# Fortis Spacematic?



## Gor (Aug 28, 2007)

Hi.

May someone tell me how a Fortis Spacematic works? It's a kind of kinetic watch?

Thanks in advance.


----------



## AChoice (Aug 31, 2009)

Hi, I was intrested in the Spacematic a year ago.
As far as I know - there were TWO version of the Spacematic.
1 labled "Eco" - a auto-quartz watch kinetic winding.
1 labled "Automatic" with a normal automatic heart.
The Eco, I believe, was discontinued several years back. It could be found cheap in clearance sales in USA.
The automatic was discontinued 1-2 years ago?
Fortis Watches
They were both availible in white or black.
Google is your friend.

// david.


----------



## AChoice (Aug 31, 2009)

.


----------



## Euterpe (Aug 25, 2010)

Mine is ETA Automatic movement 2836-2










White dial and day/date



















Work fine, stronger, accurate and simple shape.
Sapphire glass

Regards


----------



## Shmmigwo (Aug 31, 2010)

So they're all discontinued? Too bad if so... awesome looking piece! But they still appear in the catalogue on the fortis website... 
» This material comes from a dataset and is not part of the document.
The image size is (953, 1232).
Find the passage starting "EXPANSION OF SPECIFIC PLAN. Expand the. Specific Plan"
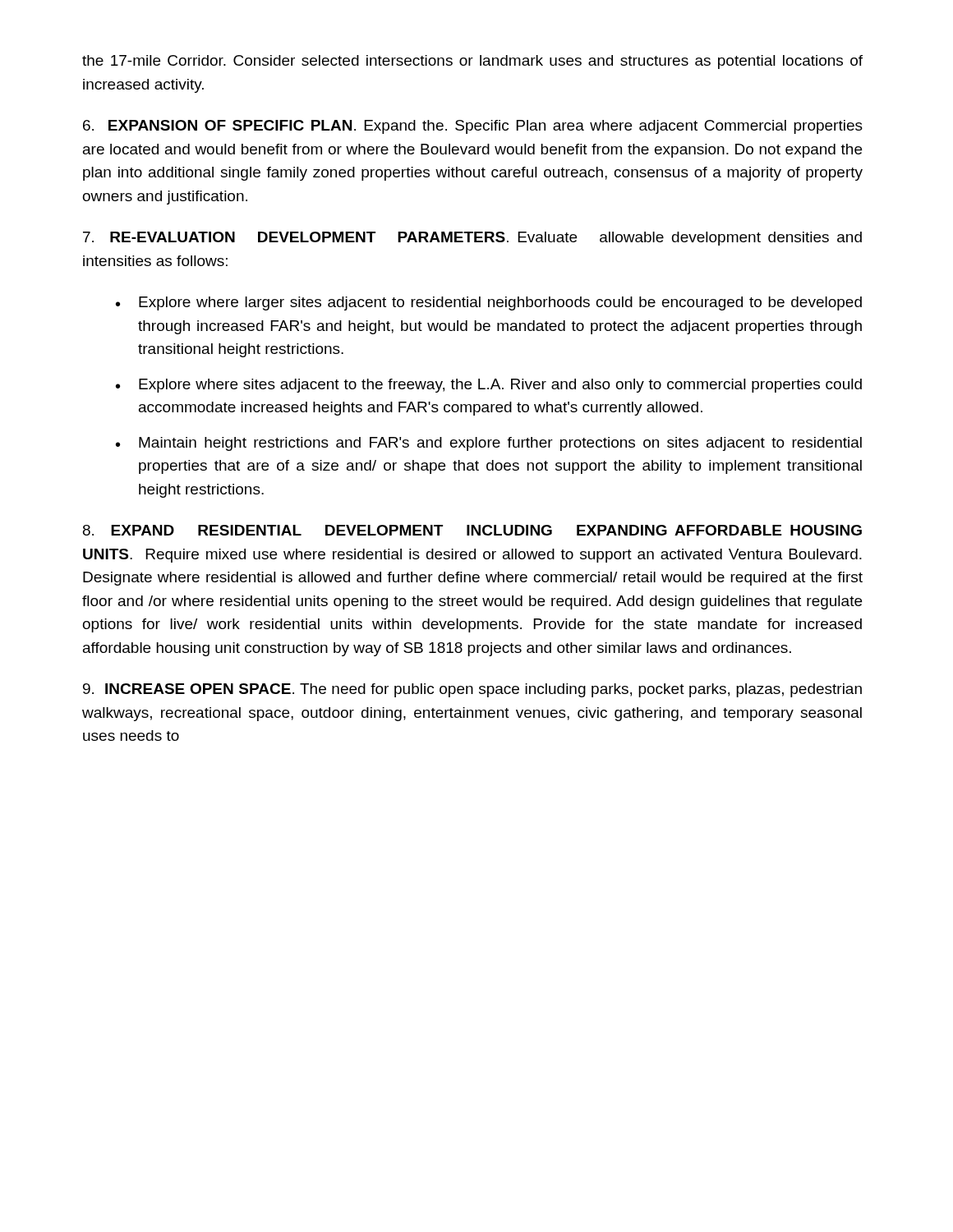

Btw. Hi everyone! It's my first post on the forum 


Cheers
Maciek


----------



## Gor (Aug 28, 2007)

Thanks a lot. I thought that the Spacematic was a kid of kinetic. I would never imagine they can have the ETA 2836-2 movement (one of my favourites).


CYA all.


----------



## watchmeister5000 (May 27, 2011)

Shmmigwo said:


> So they're all discontinued? Too bad if so... awesome looking piece! But they still appear in the catalogue on the fortis website...
> 
> Btw. Hi everyone! It's my first post on the forum
> 
> ...


They aren't discontinued. I just purchased a spacematic GMT, the AD didn't have one in stock and had to order it for me. It's also still shown on their website as you said.


----------